You ready for one more even-more-intriguing scenario? What if the next federal Parliament is so deadlocked that Trudeau’s ability to create a workable majority depends on securing the votes of, say, two independent MPs such as Jody Wilson-Raybould and Jane Philpott — his two former cabinet ministers who resigned over the SNC-Lavalin scandal?

Now that would be some story.

These are the rules of the road in Canadian politics, but, chances are, you won’t hear the current PM muse aloud about them. First of all, very few Canadians seem to understand our parliamentary traditions. They assume that whoever wins the largest chunk of seats in a hung Parliament has the right to form a government, even though that’s demonstrably not true. And second, Trudeau may remember that, 40 years ago, his father mused aloud about trying to remain in power even if he didn’t win the largest number of seats. It was a perfectly legitimate position to take. But the Tories under leader Joe Clark pointed to it as an example of Pierre Trudeau’s legendary arrogance and used it to their advantage. In that 1979 campaign, Clark ended up winning more seats, even though Trudeau won many more votes. (Of course, Trudeau got the last laugh when the Clark government fell after less than a year, and Trudeau stormed back into office in 1980 with a majority government.)

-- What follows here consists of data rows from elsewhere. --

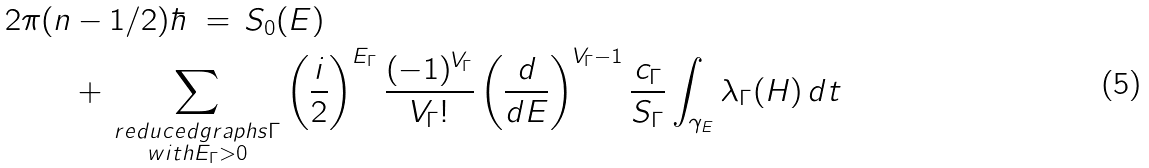Convert formula to latex. <formula><loc_0><loc_0><loc_500><loc_500>2 \pi ( n & - 1 / 2 ) \hbar { \, } \, = \, S _ { 0 } ( E ) \, \\ & + \, \sum _ { \substack { r e d u c e d g r a p h s \Gamma \\ w i t h E _ { \Gamma } > 0 } } \left ( \frac { i } { 2 } \right ) ^ { E _ { \Gamma } } \frac { ( - 1 ) ^ { V _ { \Gamma } } } { { V _ { \Gamma } } ! } \left ( \frac { d } { d E } \right ) ^ { V _ { \Gamma } - 1 } \frac { c _ { \Gamma } } { S _ { \Gamma } } \int _ { \gamma _ { E } } \lambda _ { \Gamma } ( H ) \, d t</formula> 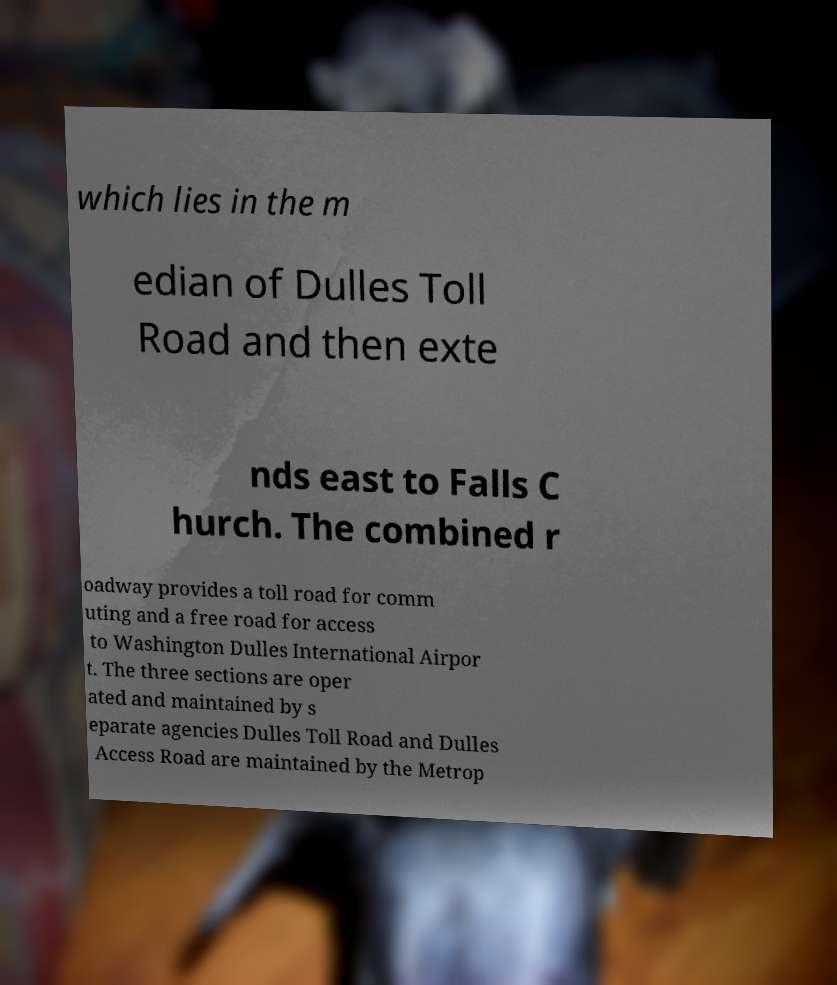I need the written content from this picture converted into text. Can you do that? which lies in the m edian of Dulles Toll Road and then exte nds east to Falls C hurch. The combined r oadway provides a toll road for comm uting and a free road for access to Washington Dulles International Airpor t. The three sections are oper ated and maintained by s eparate agencies Dulles Toll Road and Dulles Access Road are maintained by the Metrop 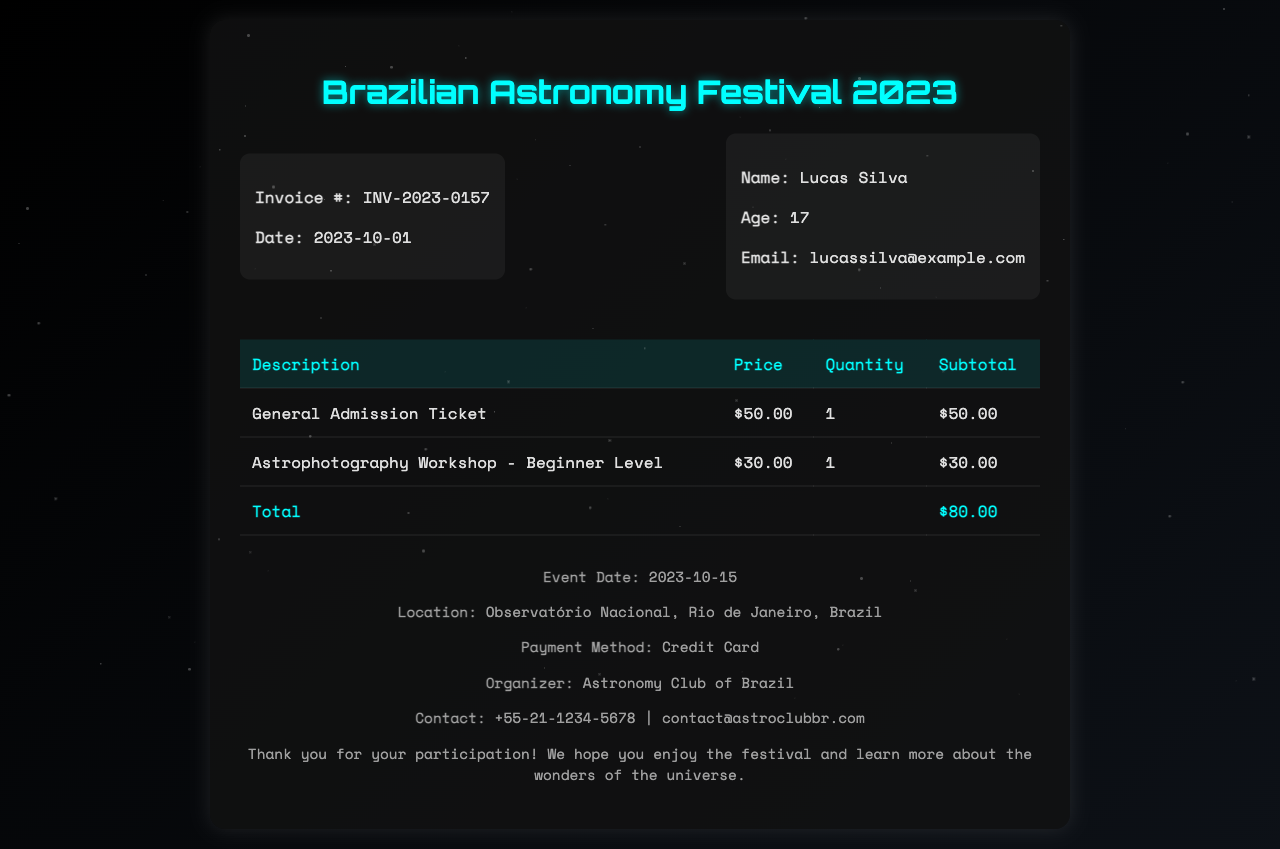what is the invoice number? The invoice number can be found in the invoice details section, which notes INV-2023-0157.
Answer: INV-2023-0157 who is the attendee? The attendee's name is mentioned in the attendee details section, which states Lucas Silva.
Answer: Lucas Silva how much does the general admission ticket cost? The general admission ticket price is listed in the table under the Price column, which shows $50.00.
Answer: $50.00 what is the total amount due? The total amount due is calculated in the table and noted at the bottom, which reflects $80.00.
Answer: $80.00 which workshop is included in the invoice? The included workshop is specified in the table as "Astrophotography Workshop - Beginner Level."
Answer: Astrophotography Workshop - Beginner Level what payment method was used? The payment method is stated in the footer section, where it mentions Credit Card.
Answer: Credit Card when is the event date? The event date is specified in the footer section, which indicates 2023-10-15.
Answer: 2023-10-15 where is the event location? The event location is provided in the footer, mentioning Observatório Nacional, Rio de Janeiro, Brazil.
Answer: Observatório Nacional, Rio de Janeiro, Brazil

“There are some widely held beliefs — often vigorously reinforced by many in the political class — that are simply wrong,” Conway reminds us. “And my best and most obvious example of this wrong-headedness is the widely and wrongly held view that, just because you have the most seats after an election in the British parliamentary system, you are automatically entitled to lead the next government.”

So, on election night, if it’s a hung parliament, don’t assume the story is over if the Liberals come a close second. Because in the Canadian parliamentary system, that’s when the game truly begins.